1 Introduction

The act of swallowing is one of the most complicated mechanisms of the human body that involves an intricately controlled and coordinated series of events. Any slight mismatch in the timing of the events may cause aspiration (the entry of bolus into the airway). Individuals with neuromotor impairments often have difficulty in swallowing (dysphagia) which includes any swallowing abnormality including aspiration. There are two methods currently used for the swallowing assessment: the fiberoptic endoscopic evaluation of swallowing (FEES) and the videofluoroscopic swallowing study (VFSS); the latter is known as the gold standard exam test for diagnosing swallowing disorders [9]. However, both techniques are invasive, costly and not convenient. In recent years, swallowing sound analysis has been suggested as a noninvasive, low cost and accurate alternative for diagnosis of dysphagia in general [6, 7, 14].

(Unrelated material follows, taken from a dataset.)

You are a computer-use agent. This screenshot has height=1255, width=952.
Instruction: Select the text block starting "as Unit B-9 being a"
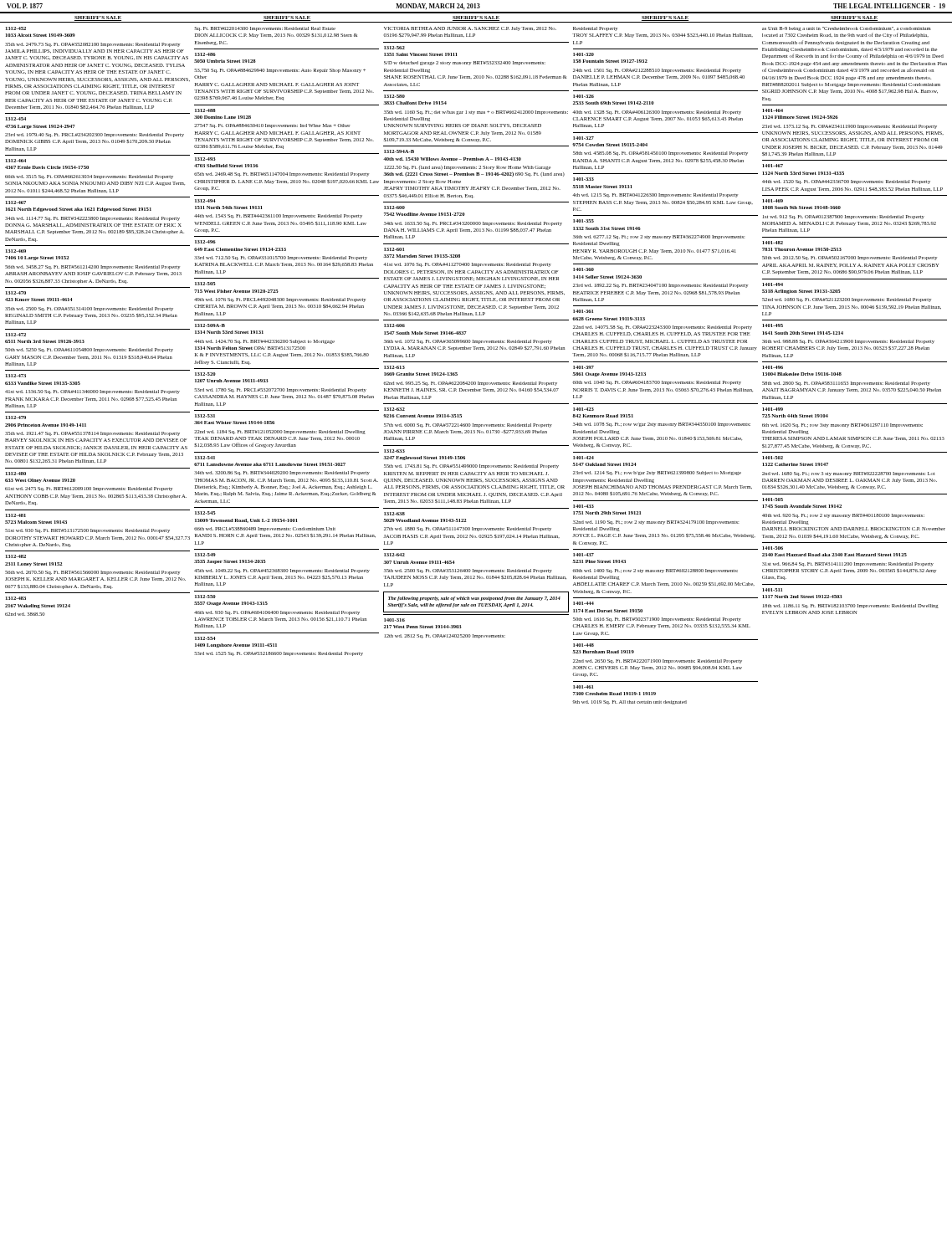tap(854, 321)

The early acoustical analyses of the swallowing mechanism were focused on the timing of the swallowing events [5, 8, 18]. Later, it was used for deriving swallowing sound main characteristics [16], and also for automatic segmentation of swallowing sounds in relation to its physiological events [1, 2, 11]. Our team’s research has shown that the swallowing sounds can distinguish between the dysphagic and control individuals [14]. In addition, we have shown that the tracheal breath sounds after a swallow can be used to detect silent aspiration by the acoustical analysis of the breath sounds [15].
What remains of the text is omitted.